Environmental effects on explosive detection threshold of domestic dogs

Abstract

Detection canines are deployed to detect explosives in a wide range of environmental conditions. These environmental conditions may have negative impacts on canine capabilities as a sensor. This study leveraged an air dilution olfactometer to present controlled odor concentrations of four different energetic materials (double base smokeless powder, Composition C4, ammonium nitrate, and flake Trinitrotoluene) to dogs working in a range of high temperature, standard, and low temperature conditions with high and low humidity conditions. The air dilution olfactometer controlled concentrations independent of environmental condition. Dogs' detection threshold limits were measured using a descending staircase procedure. We measured dogs' threshold twice for each energetic under each environmental condition.
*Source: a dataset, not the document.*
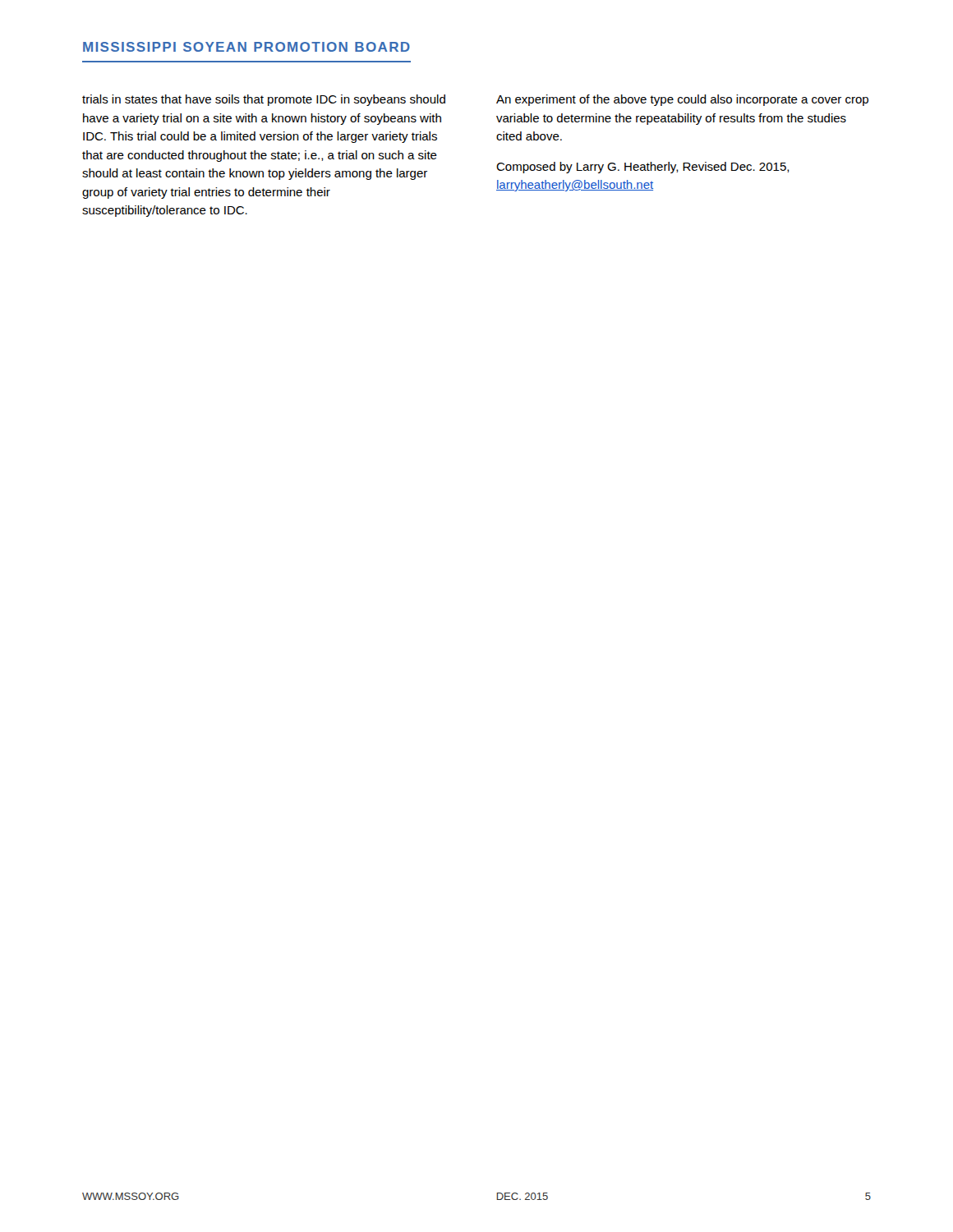Image resolution: width=953 pixels, height=1232 pixels.
Task: Locate the element starting "trials in states that have soils that"
Action: (269, 155)

Results indicated heterogeneity in effects based on energetic, but all odors were detected at their lowest concentrations under standard conditions. Smokeless powder detection was reduced under all environmental conditions compared to standard and was least detectable under high temperature and humidity conditions. AN detection was poorest under high temperature high and low humidity conditions. C4 in contrast, was least detectable at low temperatures with high humidity. TNT detection was difficult under all conditions, so decrements due to environmental conditions were not statistically detectable. Additional measures were also found to be associated with detection limits. Under high temperature conditions, correlations were observed between canine mean subcutaneous temperature and detection limits, such that dogs experiencing greater temperature increases showed poorer detection limits. In addition, dog's latency to sample the odor port from the onset of a trial was longest in the high temperature conditions. Longer latencies were also predictive of poorer detection performance. Overall, dogs showed deficits in detection sensitivity limits under all environmental conditions for at least one energetic material when the concentration of that energetic material was not directly impacted by the environmental conditions. These results suggest that behavioral factors related to environmental exposure can have important impacts on canine detection sensitivity and should be considered in operational environments.
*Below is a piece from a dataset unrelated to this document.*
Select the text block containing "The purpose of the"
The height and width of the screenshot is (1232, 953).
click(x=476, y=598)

Fig 1. Schematic diagram of environmental chamber.

Testing environment set up, containing a built-in heater and AC unit. An environmental sensor was attached to the back wall to monitor the environmental conditions while testing to maintain proper conditions. A go/ no go olfactometer testing apparatus was placed in the front of the room to preform training and testing.

Fig 2. Diagram of mass air flow dilution olfactometer.

The path of air flow is shown from left to right. Clean air travels through a warm water bath heated to replicate the same temperature of the odorant water bath. The clean air then travels to the manifold and is dispersed to the MFC A, MFC B and MFC E. Air from MFC A is pushed into the vial containing an odorant located in a separate water bath to collect the headspace from the vial and then pushed out of the vial to a three-way junction connected to MFC B. The air from the vial is mixed with clean air from the manifold the travels to the remaining mass air flow controllers. The odorant is systematically diluted by the mass air flow controllers and then pushed down the odor line to be delivered to the port.

Fig 3. The dog Jack following the 3-down 1-up adaptive threshold procedure for C-4 in standard conditions.

After three correct responses, the concentration was decreased by a half-log. Once Jack responded incorrectly when presented with 0.01 dilution of C4, the concentration was increased by a half-log. Jack correctly alerted 0.01 dilution of C4 but was not able to detect lower concentrations. Eight reversals were reached during testing and threshold was calculated as the geometric mean of the last six reversals.

Fig 4. Average threshold of each odor.

Displaying average dilution of vapor saturation threshold across all dogs for both testing sessions in standard conditions of each odor. SP, C4, AN, and TNT. Error bars show 95% bootstrap estimated confidence intervals.

Fig 5. Threshold (log proportion of vapor saturation) for each environmental condition and odor.

Error bars show bootstrap estimated 95% confidence intervals.

Fig 6. Individual threshold difference for each environment condition compared to standard condition for dogs detecting SP.

Average threshold between both testing sessions for each condition.

Fig 7. Implanted skin temperature during testing.

Error bars show the 95% confidence interval.

Fig 8. Threshold relation to mean subcutaneous temperature.

Line shows the best fit regression.

Fig 9. Respiratory effort ratings during the threshold assessments.

Error bars show the boot strap estimated 95% confidence intervals.

Fig 10. Relationship between mean RE and log threshold.

Fig 11. Latency to sample odor port by environmental condition.

Error bars show the 95% bootstrap estimated confidence intervals.

Fig 12. Relationship between mean latency to initiate a trial in a session with overall threshold.